台湾烏龍茶の魅力は、芳醇な香りと奥深い味わい、そして作り手の技術にあります。現地の生産者は「良い烏龍茶は一度飲んだら忘れられない」と語ります。飲食店で台湾烏龍茶を扱う場合、産地や製法の違いを打ち出した「ティーフライト」や、料理とのペアリング提案もおすすめです。飲み比べることによって、台湾茶の繊細な風味の違いや特徴を、よりいっそう感じていただけると思います。
ちなみに台湾国内でもお茶の消費量は年々増加しており、1980年から比べて一人当たりの年間消費量は5倍近くに伸びています。健康志向や“ちょっと特別”な体験を求めるお客様には、プレミアムな台湾烏龍茶がぴったりです。
バブルティー市場の拡大と新たなビジネスチャンス

近年、台湾発祥のバブルティー(タピオカミルクティー)が世界中で大ブームとなり、関連ビジネスで億万長者が誕生するほどの市場規模に成長しています。

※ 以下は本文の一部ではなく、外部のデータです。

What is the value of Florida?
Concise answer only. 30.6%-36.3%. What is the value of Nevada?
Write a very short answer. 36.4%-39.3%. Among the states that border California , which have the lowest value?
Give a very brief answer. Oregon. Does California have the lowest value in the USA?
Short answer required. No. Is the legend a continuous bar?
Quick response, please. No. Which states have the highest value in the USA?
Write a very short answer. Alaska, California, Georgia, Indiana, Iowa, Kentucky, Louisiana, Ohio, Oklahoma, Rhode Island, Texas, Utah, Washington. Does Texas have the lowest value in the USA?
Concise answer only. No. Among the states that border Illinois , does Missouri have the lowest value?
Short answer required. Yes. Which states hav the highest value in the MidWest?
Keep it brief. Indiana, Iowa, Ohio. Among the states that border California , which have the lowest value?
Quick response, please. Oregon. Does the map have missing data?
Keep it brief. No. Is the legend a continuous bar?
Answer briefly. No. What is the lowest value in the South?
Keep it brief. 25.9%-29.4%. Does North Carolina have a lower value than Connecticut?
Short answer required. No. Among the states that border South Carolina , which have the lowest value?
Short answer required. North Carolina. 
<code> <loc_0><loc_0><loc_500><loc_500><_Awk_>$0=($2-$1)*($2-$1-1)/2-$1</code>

日本国内でも専門店やカフェチェーンが続々と参入し、若年層を中心に根強い人気を誇ります。
飲食店経営者にとっては、バブルティーの導入や、オリジナルのトッピング・フレーバー開発が新たな集客・売上アップのチャンスです。季節限定のフルーツティーや、健康志向の低糖・低カロリーバージョンなど、差別化ポイントも豊富。既存メニューとの組み合わせやテイクアウト展開も検討してみてはいかがでしょうか。
お茶の健康成分「テアニン」の新知見
お茶に含まれるアミノ酸「テアニン」は、リラックス効果や集中力向上などの働きで注目されています。最近の研究では、テアニンの体内での代謝メカニズムや、より効率的な摂取方法について新たな知見が得られています。
飲食店でお茶を提供する際、「テアニン豊富な○○茶」や「リラックスタイムにおすすめ」といった訴求ポイントを加えることで、健康志向のお客様へのアピールにもつながります。特にランチ後やカフェタイムのドリンクメニューに、テアニンを意識したお茶を加えるのも一案です。
まとめ:お茶の新しい価値を現場で活かすには

国際情勢や市場トレンドの変化は、業務用お茶ビジネスにも大きな影響を与えます。しかし、こうした変化をチャンスと捉え、仕入れやメニュー開発、ストーリー提案に活かすことで、店舗の魅力を一層高めることができます。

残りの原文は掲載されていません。